For another neutral angle on how the two tools measure up, I found this Perspective article on DropFunnels vs ClickFunnels especially thoughtful when it comes to conversion-focused design choices.
One side experiment I ran here: Could a quick live-chat box boost bookings? The deeper I dug, the clearer it became that not all chat widgets are created equal. This no-fluff breakdown—Why Most Free Chat Websites Suck—lays out the sneaky branding, feature caps, and performance issues hiding behind “free.” Skimming it can save you from bolting a clunky chat tool onto an otherwise-fast funnel and watching conversions dip.
Cost and limits
My monthly bill was lower on DropFunnels by a chunk. About 40% less than my ClickFunnels plan. As my pages and funnels grew, ClickFunnels nudged me toward a higher tier sooner. DropFunnels gave me more room before I felt squeezed.

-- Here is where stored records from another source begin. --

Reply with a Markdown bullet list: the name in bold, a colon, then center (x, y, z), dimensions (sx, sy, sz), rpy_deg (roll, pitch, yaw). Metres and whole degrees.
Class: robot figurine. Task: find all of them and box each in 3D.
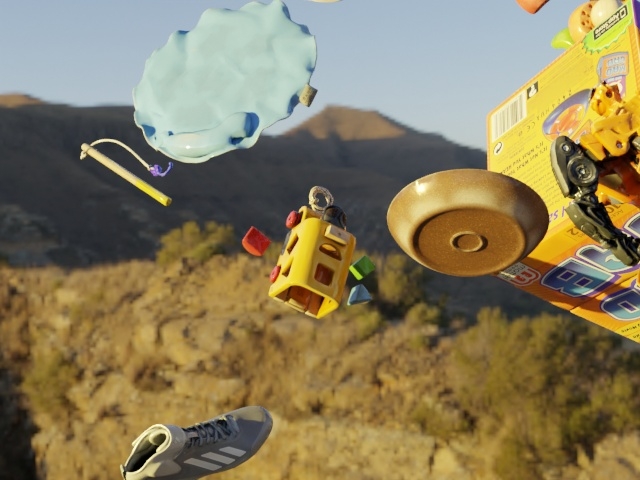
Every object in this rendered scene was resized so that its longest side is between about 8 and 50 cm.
- **robot figurine**: center (0.332, -0.023, 0.869), dimensions (0.211, 0.291, 0.085), rpy_deg (-36, -15, -15)

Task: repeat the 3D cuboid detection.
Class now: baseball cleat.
- **baseball cleat**: center (-0.153, 0.258, 1.277), dimensions (0.206, 0.109, 0.072), rpy_deg (-30, 52, -19)

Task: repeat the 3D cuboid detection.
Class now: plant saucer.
- **plant saucer**: center (0.180, -0.010, 1.235), dimensions (0.199, 0.036, 0.198), rpy_deg (5, -38, 4)

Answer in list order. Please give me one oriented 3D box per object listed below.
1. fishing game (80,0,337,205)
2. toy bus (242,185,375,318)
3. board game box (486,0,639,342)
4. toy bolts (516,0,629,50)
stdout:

If you need many team seats, ClickFunnels has more knobs and controls built in. That can matter for agencies.
A quick note on moving stuff
I tried moving one ClickFunnels page straight into DropFunnels. No easy export. I rebuilt by hand in two hours. Honestly, it was a good excuse to clean up messy sections. I trimmed a whole block and conversions went up. Funny how that works.
Little things I noticed
- Mobile fonts: DropFunnels kept my line height tight without me fiddling. Nice.
- Pop-ups: ClickFunnels has more patterns out of the box.
- Blog: DropFunnels wins. I ranked two posts and pulled “free” traffic to my challenge.
- Black Friday test: both handled a spike. DropFunnels felt snappier when I watched real-time analytics, but both stayed up.
One real-world sandbox I like to spy on for punchy copy ideas is the classifieds space: short headlines, direct offers, clear CTAs. For a live example, scroll through Backpage Fitchburg—each listing acts like a micro-funnel, so you can quickly see which photos, urgency phrases, and geo-targeted keywords are actually moving traffic right now.
So… which one did I keep?
Both. I know, that sounds silly. Here’s why.
- For cold ads and content traffic, I send people to DropFunnels. It’s fast and helps my blog pull in steady search clicks.
- For clients who want one home for pages, email, CRM, and an affiliate program, I build in ClickFunnels. Less tool-hopping. Fewer moving parts to explain.